Lee Ringuette, a successful TV and film sound man who also likes Herman-Wurmfeld, says Charlie has "moonbeam" ideas. "All of these recent college graduates [in Silver Lake] are frightening. They think all their ideas are perfect. ... They are intolerant of other views."
There's a generation gap in Silver Lake, and the Ringuettes just voiced it. They moved to their home near Silver Lake Boulevard south of Sunset in 1988, seeking a diverse, eclectic community. Silver Lake — with its Latino and gay populations and reputation as a home for misfits, left-wingers and creatives such as underground filmmaker Kenneth Anger, TV horror-movie hostess Elvira, architect Richard Neutra, hobo activist James Eads How and gay-rights pioneer Harry Hay — fit the bill.
Silver Lake soon underwent a cathartic change, prompted by L.A.'s bloody and violent late-1980s and early-1990s crime wave.
"We heard gunshots weekly," Lee says. "The neighborhood got together. We had neighborhood watches and marches, and then the LAPD got involved." He and Barbara helped bring in the Guardian Angels, a New York civilian crime-fighting group, to learn how to patrol their own streets. "We were taught how to roll behind cars when we were shot at," Lee recalls.
De Ocampo came of age in Silver Lake during that ugly time, living with his Filipino parents and four siblings a few blocks south of the Ringuettes' well-appointed home. He vividly recalls being 11, taking care of his cancer-ridden father in the De Campos' one-bedroom apartment, when three robbers suddenly broke in. One pointed a gun at his head as they ransacked the place, looking for cash and electronics.
"I realized, 'Wow, we're not in the greatest neighborhood,' " De Ocampo recalls.

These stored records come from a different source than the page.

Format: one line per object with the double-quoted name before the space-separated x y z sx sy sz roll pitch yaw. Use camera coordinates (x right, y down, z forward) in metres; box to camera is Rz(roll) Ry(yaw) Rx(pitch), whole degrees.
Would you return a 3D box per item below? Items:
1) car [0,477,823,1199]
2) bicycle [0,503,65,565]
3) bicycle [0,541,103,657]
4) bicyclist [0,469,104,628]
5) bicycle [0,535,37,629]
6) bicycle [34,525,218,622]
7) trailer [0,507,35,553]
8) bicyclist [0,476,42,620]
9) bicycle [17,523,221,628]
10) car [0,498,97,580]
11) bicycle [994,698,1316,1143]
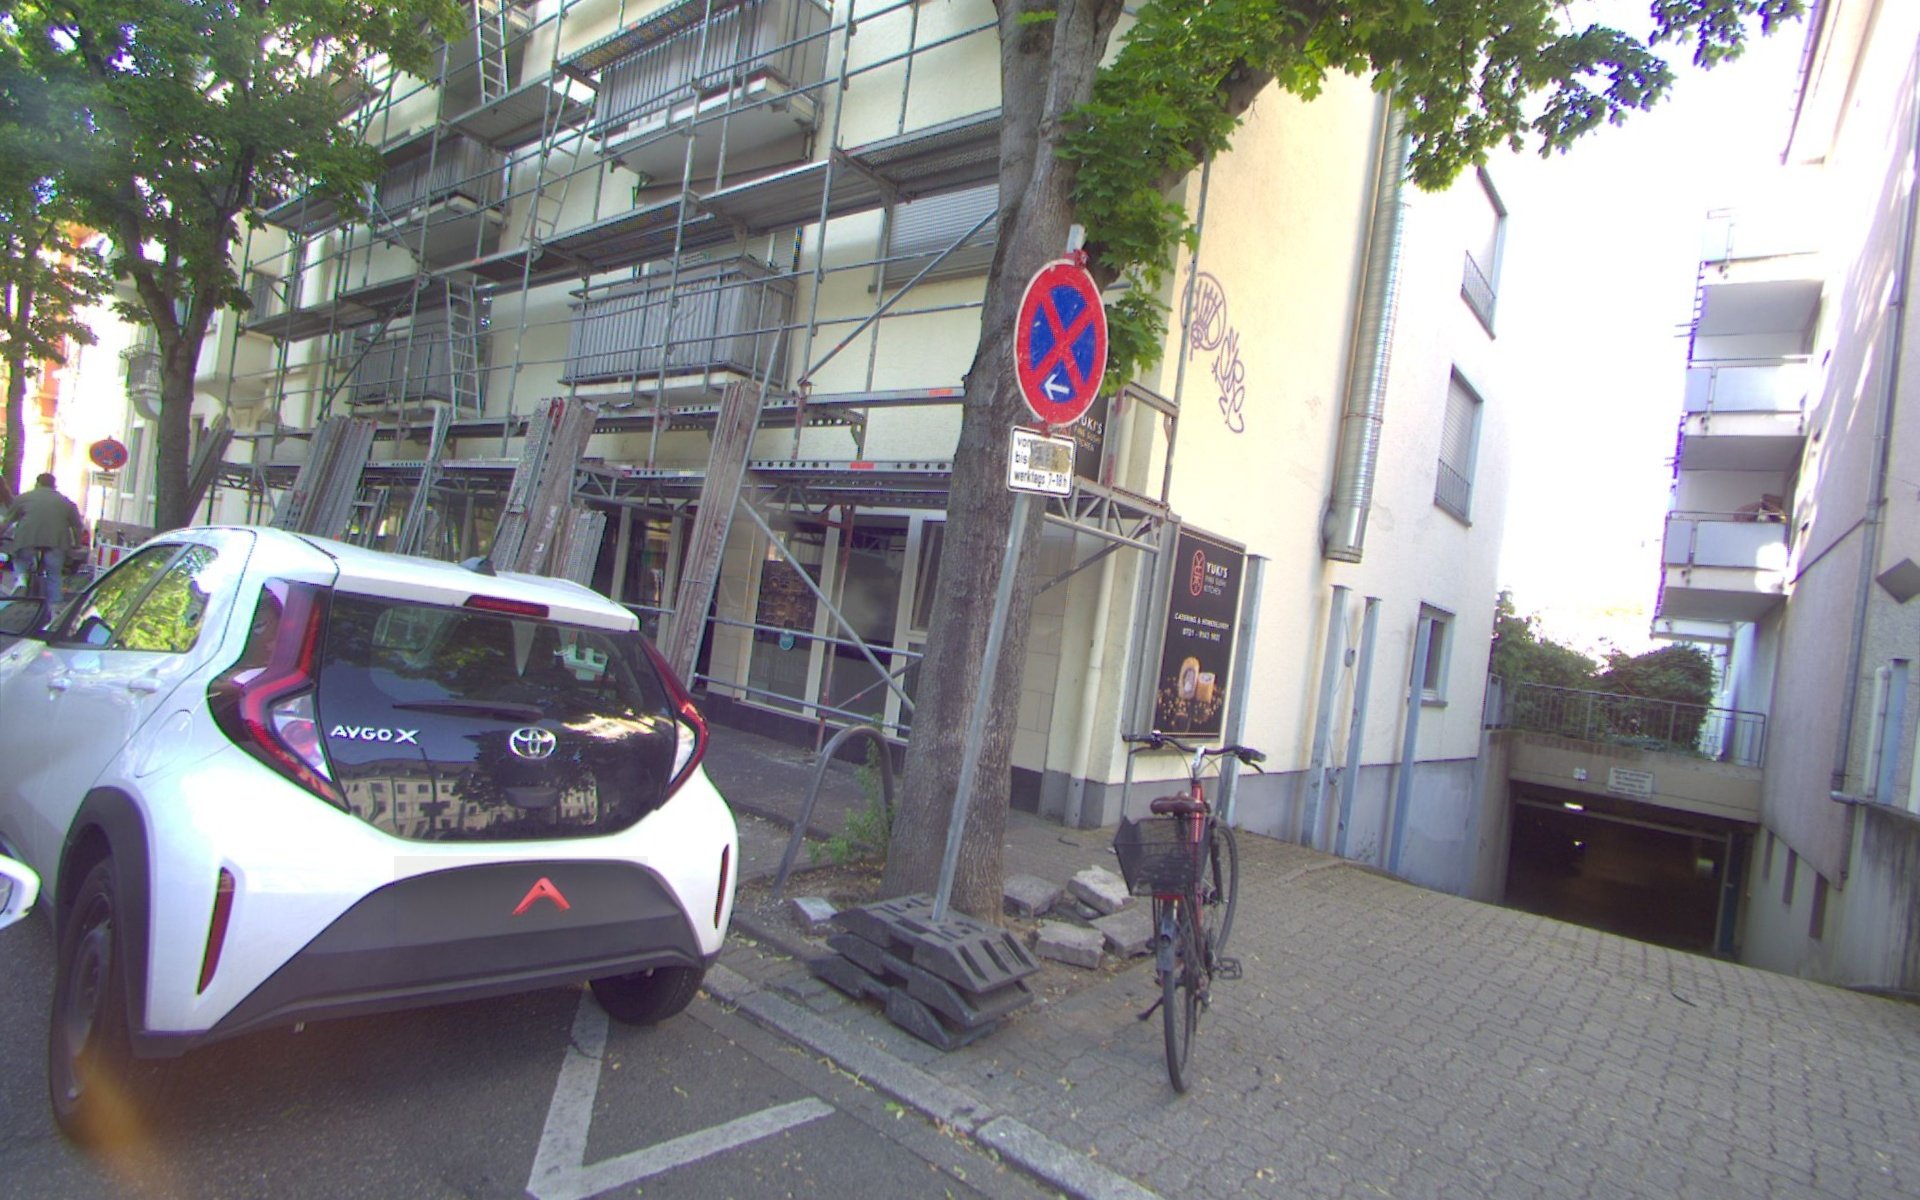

Now manager of a charitable foundation, De Ocampo, 34, lifted himself out of poverty by earning good grades and getting a college degree. A resident of East Hollywood, next door to Silver Lake, he ran for but lost the recent L.A. City Council District 13 primary. His old South of Sunset neighborhood is safer, De Ocampo says, but as he campaigned door to door, especially near the 101 freeway, where he grew up, he noticed persistent poverty and crime — and Silver Lake kids mired in it.